### SUPPLIED RECORDS
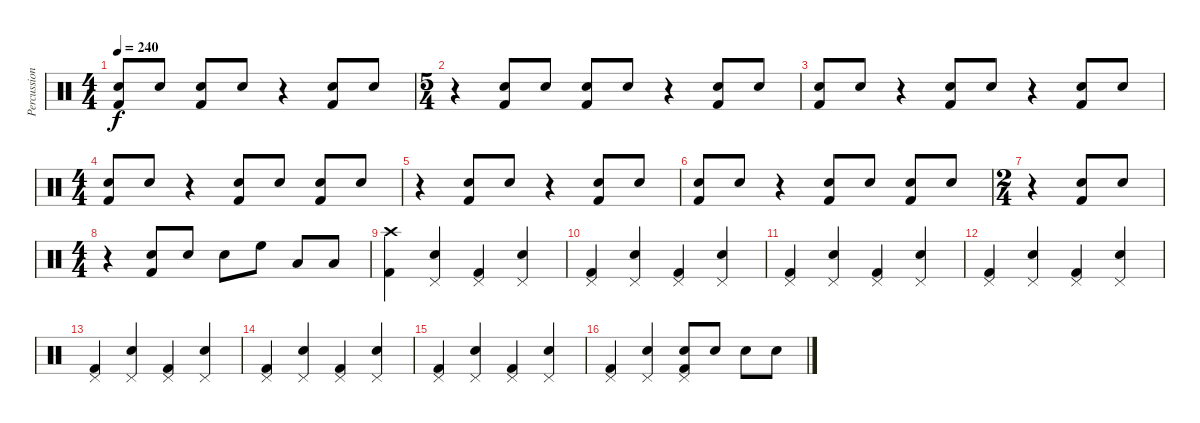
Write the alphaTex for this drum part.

\track ("Percussion" "Percussion") {instrument percussion}
\staff {score}
\articulation defaults
\ts (4 4)
\tempo 240
\clef neutral
\ks c
("Electric Snare (hit)" "Kick (hit) 2").8{dy f} "Electric Snare (hit)".8 ("Electric Snare (hit)" "Kick (hit) 2").8 "Electric Snare (hit)".8 r.4 ("Electric Snare (hit)" "Kick (hit) 2").8 "Electric Snare (hit)".8 |
\ts (5 4)
r.4 ("Electric Snare (hit)" "Kick (hit) 2").8 "Electric Snare (hit)".8 ("Electric Snare (hit)" "Kick (hit) 2").8 "Electric Snare (hit)".8 r.4 ("Electric Snare (hit)" "Kick (hit) 2").8 "Electric Snare (hit)".8 |
("Electric Snare (hit)" "Kick (hit) 2").8 "Electric Snare (hit)".8 r.4 ("Electric Snare (hit)" "Kick (hit) 2").8 "Electric Snare (hit)".8 r.4 ("Electric Snare (hit)" "Kick (hit) 2").8 "Electric Snare (hit)".8 |
\ts (4 4)
("Electric Snare (hit)" "Kick (hit) 2").8 "Electric Snare (hit)".8 r.4 ("Electric Snare (hit)" "Kick (hit) 2").8 "Electric Snare (hit)".8 ("Electric Snare (hit)" "Kick (hit) 2").8 "Electric Snare (hit)".8 |
r.4 ("Electric Snare (hit)" "Kick (hit) 2").8 "Electric Snare (hit)".8 r.4 ("Electric Snare (hit)" "Kick (hit) 2").8 "Electric Snare (hit)".8 |
("Electric Snare (hit)" "Kick (hit) 2").8 "Electric Snare (hit)".8 r.4 ("Electric Snare (hit)" "Kick (hit) 2").8 "Electric Snare (hit)".8 ("Electric Snare (hit)" "Kick (hit) 2").8 "Electric Snare (hit)".8 |
\ts (2 4)
r.4 ("Electric Snare (hit)" "Kick (hit) 2").8 "Electric Snare (hit)".8 |
\ts (4 4)
r.4 ("Electric Snare (hit)" "Kick (hit) 2").8 "Electric Snare (hit)".8 "Electric Snare (hit)".8 "High Floor Tom (hit)".8 "Low Tom (hit)".8 "Low Tom (hit)".8 |
("Crash high (hit)" "Kick (hit) 2").4 ("Pedal Hi-Hat (hit)" "Electric Snare (hit)").4 ("Pedal Hi-Hat (hit)" "Kick (hit) 2").4 ("Pedal Hi-Hat (hit)" "Electric Snare (hit)").4 |
("Pedal Hi-Hat (hit)" "Kick (hit) 2").4 ("Pedal Hi-Hat (hit)" "Electric Snare (hit)").4 ("Pedal Hi-Hat (hit)" "Kick (hit) 2").4 ("Pedal Hi-Hat (hit)" "Electric Snare (hit)").4 |
("Pedal Hi-Hat (hit)" "Kick (hit) 2").4 ("Pedal Hi-Hat (hit)" "Electric Snare (hit)").4 ("Pedal Hi-Hat (hit)" "Kick (hit) 2").4 ("Pedal Hi-Hat (hit)" "Electric Snare (hit)").4 |
("Pedal Hi-Hat (hit)" "Kick (hit) 2").4 ("Pedal Hi-Hat (hit)" "Electric Snare (hit)").4 ("Pedal Hi-Hat (hit)" "Kick (hit) 2").4 ("Pedal Hi-Hat (hit)" "Electric Snare (hit)").4 |
("Pedal Hi-Hat (hit)" "Kick (hit) 2").4 ("Pedal Hi-Hat (hit)" "Electric Snare (hit)").4 ("Pedal Hi-Hat (hit)" "Kick (hit) 2").4 ("Pedal Hi-Hat (hit)" "Electric Snare (hit)").4 |
("Pedal Hi-Hat (hit)" "Kick (hit) 2").4 ("Pedal Hi-Hat (hit)" "Electric Snare (hit)").4 ("Pedal Hi-Hat (hit)" "Kick (hit) 2").4 ("Pedal Hi-Hat (hit)" "Electric Snare (hit)").4 |
("Pedal Hi-Hat (hit)" "Kick (hit) 2").4 ("Pedal Hi-Hat (hit)" "Electric Snare (hit)").4 ("Pedal Hi-Hat (hit)" "Kick (hit) 2").4 ("Pedal Hi-Hat (hit)" "Electric Snare (hit)").4 |
("Pedal Hi-Hat (hit)" "Kick (hit) 2").4 ("Pedal Hi-Hat (hit)" "Electric Snare (hit)").4 ("Pedal Hi-Hat (hit)" "Electric Snare (hit)" "Kick (hit) 2").8 "Electric Snare (hit)".8 "Electric Snare (hit)".8 "Electric Snare (hit)".8
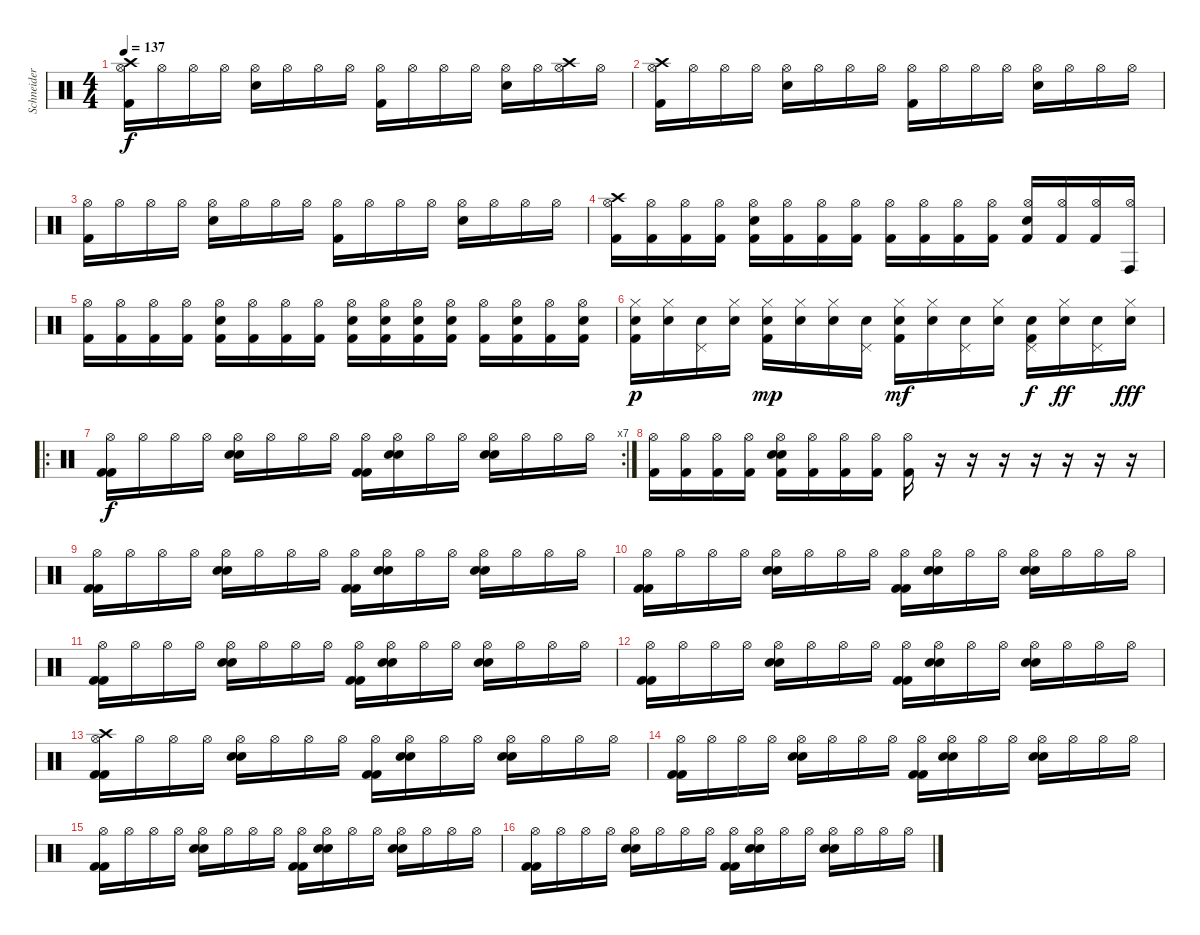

### REQUIRED WORK
Make an exact copy of all the material, but keep the pictures out of it.

### ANSWER AREA
Write the alphaTex for this drum part.

\track ("Percussion" "Percussion") {instrument percussion}
\staff {score}
\articulation defaults
\ts (4 4)
\tempo 240
\clef neutral
\ks c
("Electric Snare (hit)" "Kick (hit) 2").8{dy f} "Electric Snare (hit)".8 ("Electric Snare (hit)" "Kick (hit) 2").8 "Electric Snare (hit)".8 r.4 ("Electric Snare (hit)" "Kick (hit) 2").8 "Electric Snare (hit)".8 |
\ts (5 4)
r.4 ("Electric Snare (hit)" "Kick (hit) 2").8 "Electric Snare (hit)".8 ("Electric Snare (hit)" "Kick (hit) 2").8 "Electric Snare (hit)".8 r.4 ("Electric Snare (hit)" "Kick (hit) 2").8 "Electric Snare (hit)".8 |
("Electric Snare (hit)" "Kick (hit) 2").8 "Electric Snare (hit)".8 r.4 ("Electric Snare (hit)" "Kick (hit) 2").8 "Electric Snare (hit)".8 r.4 ("Electric Snare (hit)" "Kick (hit) 2").8 "Electric Snare (hit)".8 |
\ts (4 4)
("Electric Snare (hit)" "Kick (hit) 2").8 "Electric Snare (hit)".8 r.4 ("Electric Snare (hit)" "Kick (hit) 2").8 "Electric Snare (hit)".8 ("Electric Snare (hit)" "Kick (hit) 2").8 "Electric Snare (hit)".8 |
r.4 ("Electric Snare (hit)" "Kick (hit) 2").8 "Electric Snare (hit)".8 r.4 ("Electric Snare (hit)" "Kick (hit) 2").8 "Electric Snare (hit)".8 |
("Electric Snare (hit)" "Kick (hit) 2").8 "Electric Snare (hit)".8 r.4 ("Electric Snare (hit)" "Kick (hit) 2").8 "Electric Snare (hit)".8 ("Electric Snare (hit)" "Kick (hit) 2").8 "Electric Snare (hit)".8 |
\ts (2 4)
r.4 ("Electric Snare (hit)" "Kick (hit) 2").8 "Electric Snare (hit)".8 |
\ts (4 4)
r.4 ("Electric Snare (hit)" "Kick (hit) 2").8 "Electric Snare (hit)".8 "Electric Snare (hit)".8 "High Floor Tom (hit)".8 "Low Tom (hit)".8 "Low Tom (hit)".8 |
("Crash high (hit)" "Kick (hit) 2").4 ("Pedal Hi-Hat (hit)" "Electric Snare (hit)").4 ("Pedal Hi-Hat (hit)" "Kick (hit) 2").4 ("Pedal Hi-Hat (hit)" "Electric Snare (hit)").4 |
("Pedal Hi-Hat (hit)" "Kick (hit) 2").4 ("Pedal Hi-Hat (hit)" "Electric Snare (hit)").4 ("Pedal Hi-Hat (hit)" "Kick (hit) 2").4 ("Pedal Hi-Hat (hit)" "Electric Snare (hit)").4 |
("Pedal Hi-Hat (hit)" "Kick (hit) 2").4 ("Pedal Hi-Hat (hit)" "Electric Snare (hit)").4 ("Pedal Hi-Hat (hit)" "Kick (hit) 2").4 ("Pedal Hi-Hat (hit)" "Electric Snare (hit)").4 |
("Pedal Hi-Hat (hit)" "Kick (hit) 2").4 ("Pedal Hi-Hat (hit)" "Electric Snare (hit)").4 ("Pedal Hi-Hat (hit)" "Kick (hit) 2").4 ("Pedal Hi-Hat (hit)" "Electric Snare (hit)").4 |
("Pedal Hi-Hat (hit)" "Kick (hit) 2").4 ("Pedal Hi-Hat (hit)" "Electric Snare (hit)").4 ("Pedal Hi-Hat (hit)" "Kick (hit) 2").4 ("Pedal Hi-Hat (hit)" "Electric Snare (hit)").4 |
("Pedal Hi-Hat (hit)" "Kick (hit) 2").4 ("Pedal Hi-Hat (hit)" "Electric Snare (hit)").4 ("Pedal Hi-Hat (hit)" "Kick (hit) 2").4 ("Pedal Hi-Hat (hit)" "Electric Snare (hit)").4 |
("Pedal Hi-Hat (hit)" "Kick (hit) 2").4 ("Pedal Hi-Hat (hit)" "Electric Snare (hit)").4 ("Pedal Hi-Hat (hit)" "Kick (hit) 2").4 ("Pedal Hi-Hat (hit)" "Electric Snare (hit)").4 |
("Pedal Hi-Hat (hit)" "Kick (hit) 2").4 ("Pedal Hi-Hat (hit)" "Electric Snare (hit)").4 ("Pedal Hi-Hat (hit)" "Electric Snare (hit)" "Kick (hit) 2").8 "Electric Snare (hit)".8 "Electric Snare (hit)".8 "Electric Snare (hit)".8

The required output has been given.